Emily le escuchaba con atención, sin perderse detalle, lo que animó a Nube Gris a seguir su exposición.

—Para arar, Serguéi nos aconseja que compremos dos bueyes, pero también podemos hacerlo con caballos. Él nos pondría en contacto con un compatriota suyo que nos vendería las semillas. También podemos cultivar maíz, es una buena tierra para ello.

El entusiasmo de Nube Gris resultó contagioso y Emily sonrió dejándose llevar por las perspectivas de futuro. Por primera vez pensaba que podían conseguirlo, una pequeña luz al final del túnel en el que llevaba años escondida. Quería ser dueña de su vida, pensar en su hijo y legarle algo más que un puñado de tierra. La única nube a esa futura felicidad era el posible regreso de Gregory. Se estremeció al pensar en cómo reaccionaría su marido.
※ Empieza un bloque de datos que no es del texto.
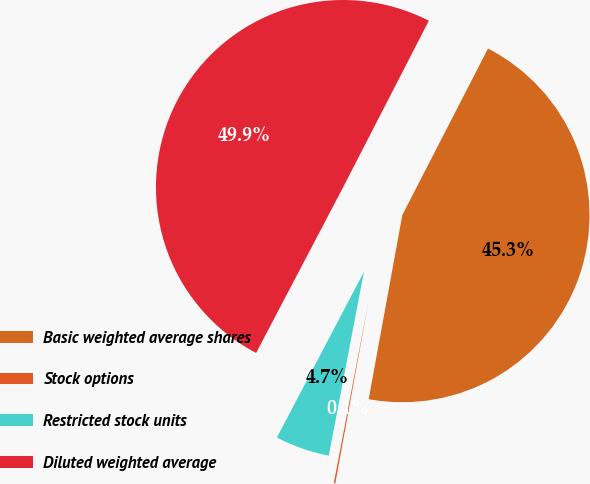Convert chart. <chart><loc_0><loc_0><loc_500><loc_500><pie_chart><fcel>Basic weighted average shares<fcel>Stock options<fcel>Restricted stock units<fcel>Diluted weighted average<nl><fcel>45.31%<fcel>0.13%<fcel>4.69%<fcel>49.87%<nl></chart> 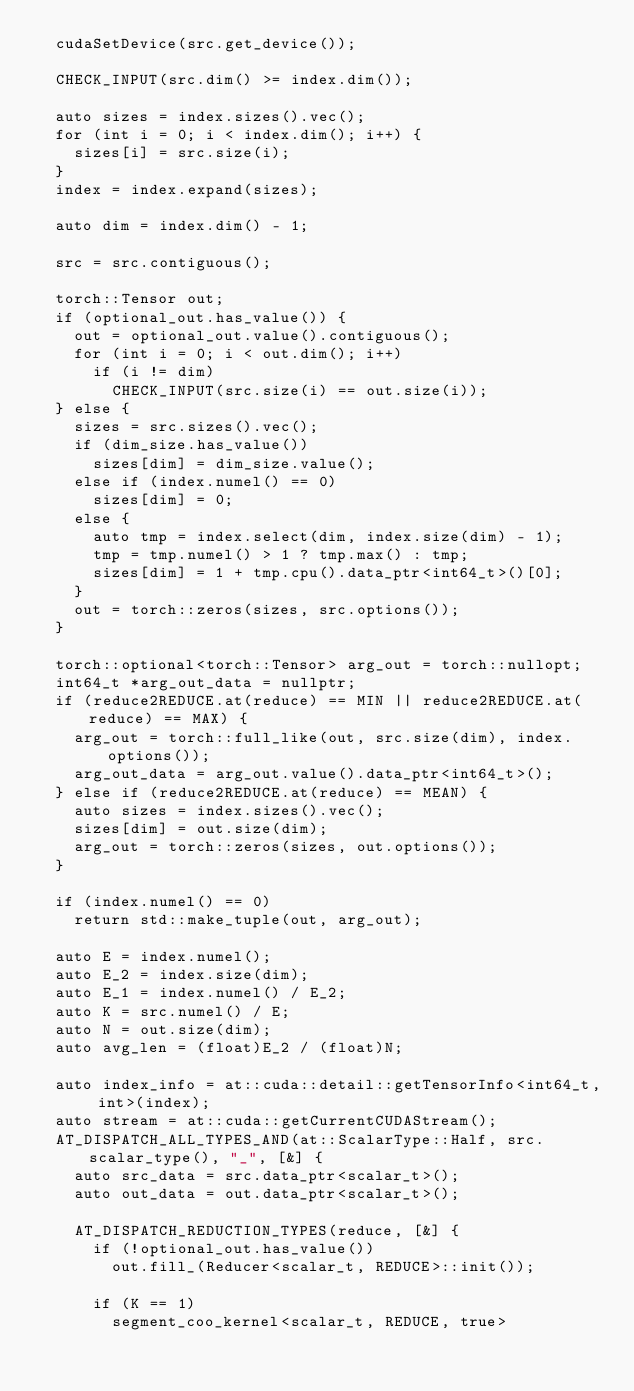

—Me gustaría hablar con ese hombre —dijo Emily, apartando la imagen de Gregory sudando rabia con el puño alzado. Llevaba seis meses rezando noche tras noche para que su marido nunca regresara—. Cuando volvamos de Dodge City y tengamos claro lo que nos queda después de pagar las deudas, podremos hacer planes.

—¿Ya ha pensado en qué dirá Crawford cuando se entere? —preguntó Douglas con hostilidad.

Emily se pasó una mano por la frente con impaciencia apartándose el mechón que se le había escapado del moño.

—En estos momentos Crawford es la menor de mis preocupaciones.